EXERCISE BRIEF
Wherever the word "metres" appears in the entries, copy the whole line.

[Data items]
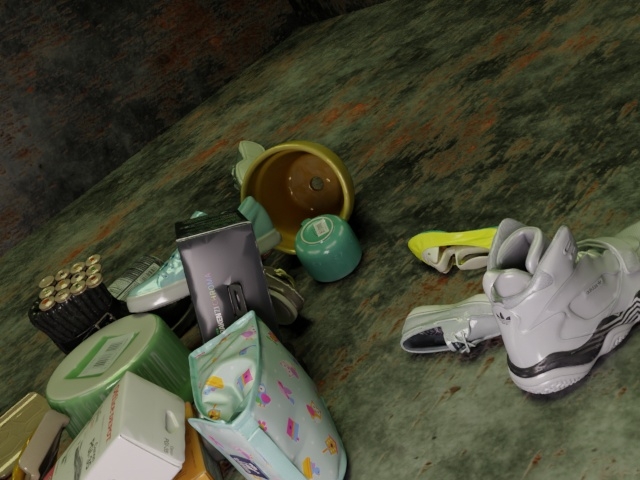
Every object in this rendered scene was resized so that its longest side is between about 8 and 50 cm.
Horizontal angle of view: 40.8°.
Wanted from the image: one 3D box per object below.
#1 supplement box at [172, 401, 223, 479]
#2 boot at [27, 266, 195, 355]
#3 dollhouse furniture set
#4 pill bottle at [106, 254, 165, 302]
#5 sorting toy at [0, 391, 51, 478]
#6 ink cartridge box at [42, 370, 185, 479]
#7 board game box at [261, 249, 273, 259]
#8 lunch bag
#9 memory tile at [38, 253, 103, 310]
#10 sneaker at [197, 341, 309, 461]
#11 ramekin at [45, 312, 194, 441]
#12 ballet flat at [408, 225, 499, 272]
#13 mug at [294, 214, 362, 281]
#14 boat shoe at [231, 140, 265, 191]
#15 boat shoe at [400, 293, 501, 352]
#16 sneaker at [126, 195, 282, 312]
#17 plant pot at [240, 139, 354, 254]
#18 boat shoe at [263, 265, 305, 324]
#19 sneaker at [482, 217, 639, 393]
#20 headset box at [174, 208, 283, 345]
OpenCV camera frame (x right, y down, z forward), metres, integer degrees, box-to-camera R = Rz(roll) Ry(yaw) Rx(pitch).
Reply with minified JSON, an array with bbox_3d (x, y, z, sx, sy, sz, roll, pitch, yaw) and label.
[{"bbox_3d":[-0.219,0.366,1.435,0.078,0.080,0.233,-33,21,-2],"label":"supplement box"},{"bbox_3d":[-0.445,0.145,1.920,0.348,0.260,0.131,-44,28,-28],"label":"boot"},{"bbox_3d":[-0.580,0.438,1.511,0.301,0.151,0.197,-73,8,-53],"label":"dollhouse furniture set"},{"bbox_3d":[-0.468,0.156,2.095,0.130,0.130,0.245,-6,33,44],"label":"pill bottle"},{"bbox_3d":[-0.663,0.430,1.901,0.193,0.038,0.208,-43,30,-26],"label":"sorting toy"},{"bbox_3d":[-0.345,0.380,1.383,0.283,0.117,0.207,-52,19,11],"label":"ink cartridge box"},{"bbox_3d":[-0.207,0.008,2.215,0.281,0.027,0.145,-8,33,42],"label":"board game box"},{"bbox_3d":[-0.080,0.268,1.280,0.160,0.223,0.262,-35,24,4],"label":"lunch bag"},{"bbox_3d":[-0.526,0.086,1.811,0.148,0.012,0.113,-26,35,2],"label":"memory tile"},{"bbox_3d":[-0.106,0.255,1.493,0.163,0.106,0.281,-19,25,18],"label":"sneaker"},{"bbox_3d":[-0.399,0.282,1.730,0.303,0.148,0.303,-25,23,12],"label":"ramekin"},{"bbox_3d":[0.250,0.022,1.585,0.231,0.077,0.077,-7,49,40],"label":"ballet flat"},{"bbox_3d":[0.000,0.007,1.821,0.158,0.097,0.129,6,54,34],"label":"mug"},{"bbox_3d":[-0.211,-0.195,2.590,0.319,0.116,0.099,-102,29,-59],"label":"boat shoe"},{"bbox_3d":[0.222,0.145,1.369,0.228,0.079,0.081,-14,37,44],"label":"boat shoe"},{"bbox_3d":[-0.268,0.023,1.840,0.366,0.150,0.135,-29,5,-24],"label":"sneaker"},{"bbox_3d":[-0.032,-0.117,2.015,0.254,0.254,0.239,-23,8,18],"label":"plant pot"},{"bbox_3d":[-0.113,0.101,1.804,0.097,0.116,0.324,-41,18,-20],"label":"boat shoe"},{"bbox_3d":[0.377,0.031,1.226,0.366,0.210,0.137,-40,25,-21],"label":"sneaker"},{"bbox_3d":[-0.166,0.084,1.522,0.131,0.246,0.283,-15,8,-8],"label":"headset box"}]
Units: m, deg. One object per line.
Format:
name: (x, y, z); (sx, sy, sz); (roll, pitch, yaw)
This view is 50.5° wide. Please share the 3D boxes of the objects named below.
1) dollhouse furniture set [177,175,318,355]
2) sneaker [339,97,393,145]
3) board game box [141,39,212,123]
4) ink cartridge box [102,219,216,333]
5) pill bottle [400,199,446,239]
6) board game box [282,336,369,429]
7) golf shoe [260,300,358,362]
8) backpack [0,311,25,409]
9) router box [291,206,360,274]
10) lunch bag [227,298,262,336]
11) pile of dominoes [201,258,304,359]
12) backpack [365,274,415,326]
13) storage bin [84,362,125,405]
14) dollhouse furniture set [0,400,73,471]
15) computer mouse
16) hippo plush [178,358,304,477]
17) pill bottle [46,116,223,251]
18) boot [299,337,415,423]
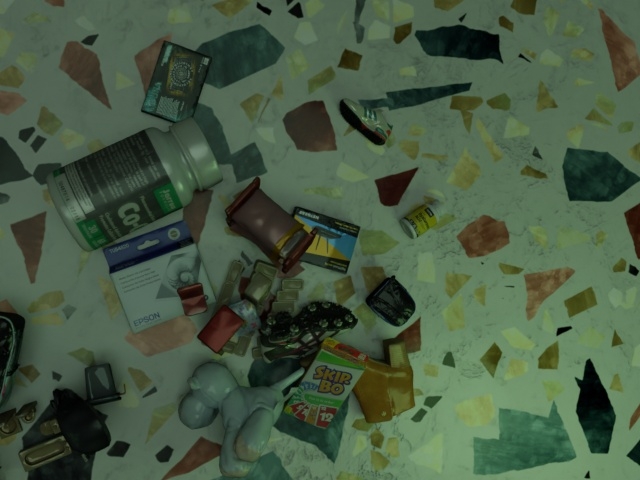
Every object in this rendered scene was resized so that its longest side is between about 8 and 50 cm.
dollhouse furniture set: (-0.197, 0.064, 1.614); (0.201, 0.152, 0.374); (39, 76, 3)
sneaker: (0.123, -0.326, 1.787); (0.161, 0.057, 0.075); (40, 66, -9)
board game box: (-0.357, -0.388, 1.688); (0.126, 0.026, 0.186); (18, 88, -12)
ink cartridge box: (-0.397, 0.088, 1.681); (0.223, 0.045, 0.224); (-22, 96, -11)
pill bottle: (0.277, -0.059, 1.816); (0.116, 0.065, 0.065); (-35, 98, -10)
board game box: (0.013, 0.363, 1.715); (0.124, 0.039, 0.259); (25, 116, -7)
golf shoe: (-0.034, 0.234, 1.745); (0.272, 0.105, 0.120); (-8, 130, -28)
backpack: (-0.795, 0.278, 1.524); (0.225, 0.191, 0.254); (8, 83, -10)
router box: (0.000, 0.000, 1.766); (0.178, 0.046, 0.133); (17, 88, -12)
lunch bag: (-0.191, 0.187, 1.700); (0.071, 0.053, 0.083); (-23, 112, -4)
pile of dominoes: (-0.173, 0.179, 1.750); (0.195, 0.040, 0.251); (21, 95, -13)
backpack: (0.189, 0.165, 1.792); (0.114, 0.084, 0.105); (45, 83, -5)
storage bin: (-0.519, 0.341, 1.621); (0.098, 0.135, 0.091); (-9, 84, -17)
dollhouse furniture set: (-0.683, 0.470, 1.587); (0.144, 0.123, 0.151); (-21, 96, -11)
computer mouse: (-0.553, 0.430, 1.539); (0.072, 0.272, 0.189); (-31, 96, -34)
hippo plush: (-0.225, 0.407, 1.629); (0.236, 0.234, 0.294); (31, 106, 0)
pill bottle: (-0.427, -0.139, 1.588); (0.361, 0.204, 0.204); (-27, 97, -9)
boot: (0.103, 0.380, 1.773); (0.295, 0.104, 0.211); (-8, 100, -7)
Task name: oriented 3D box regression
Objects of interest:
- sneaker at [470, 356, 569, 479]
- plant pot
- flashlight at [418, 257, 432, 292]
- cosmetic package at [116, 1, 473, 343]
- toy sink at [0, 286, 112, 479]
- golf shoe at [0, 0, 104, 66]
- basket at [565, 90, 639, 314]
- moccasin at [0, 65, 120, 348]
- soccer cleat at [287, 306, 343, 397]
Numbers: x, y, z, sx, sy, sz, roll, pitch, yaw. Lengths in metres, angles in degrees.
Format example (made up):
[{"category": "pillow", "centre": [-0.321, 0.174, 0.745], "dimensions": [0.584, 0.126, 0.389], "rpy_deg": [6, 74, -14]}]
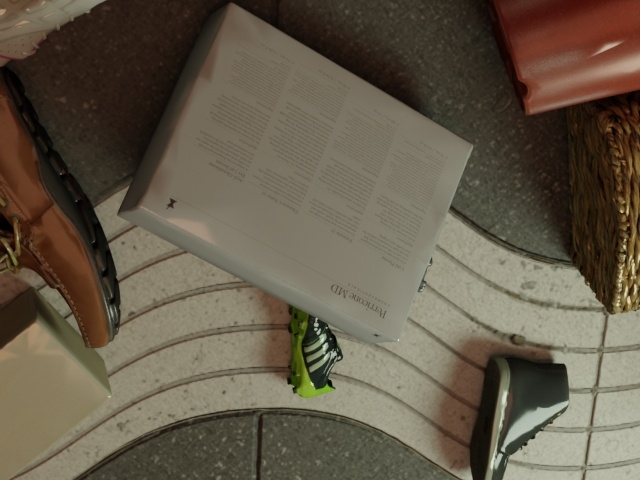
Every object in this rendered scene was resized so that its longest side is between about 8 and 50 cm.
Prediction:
[{"category": "sneaker", "centre": [0.291, 0.277, 2.068], "dimensions": [0.118, 0.083, 0.222], "rpy_deg": [4, 111, -13]}, {"category": "plant pot", "centre": [0.346, -0.289, 1.755], "dimensions": [0.265, 0.272, 0.272], "rpy_deg": [-17, 115, 6]}, {"category": "flashlight", "centre": [0.000, 0.000, 1.886], "dimensions": [0.304, 0.103, 0.103], "rpy_deg": [18, 95, -17]}, {"category": "cosmetic package", "centre": [-0.024, -0.076, 1.781], "dimensions": [0.377, 0.097, 0.284], "rpy_deg": [29, 71, -20]}, {"category": "toy sink", "centre": [-0.416, 0.201, 1.875], "dimensions": [0.234, 0.131, 0.153], "rpy_deg": [-40, 114, 2]}, {"category": "golf shoe", "centre": [-0.344, -0.284, 1.702], "dimensions": [0.306, 0.115, 0.140], "rpy_deg": [-6, 121, 1]}, {"category": "basket", "centre": [0.459, -0.069, 1.880], "dimensions": [0.223, 0.213, 0.299], "rpy_deg": [-9, 114, -6]}, {"category": "moccasin", "centre": [-0.366, -0.025, 1.783], "dimensions": [0.147, 0.139, 0.380], "rpy_deg": [-26, 115, 2]}, {"category": "soccer cleat", "centre": [-0.006, 0.137, 1.970], "dimensions": [0.072, 0.060, 0.178], "rpy_deg": [-7, 121, -18]}]

RESULT BELOW
OpenCV camera frame (x right, y down, z forward), metres, integer degrees, box-to-camera R = Rz(roll) Ry(yaw) Rx(pitch).
Numbers: x, y, z, sx, sy, sz, roll, pitch, yaw. Lengths in metres, angles in degrees.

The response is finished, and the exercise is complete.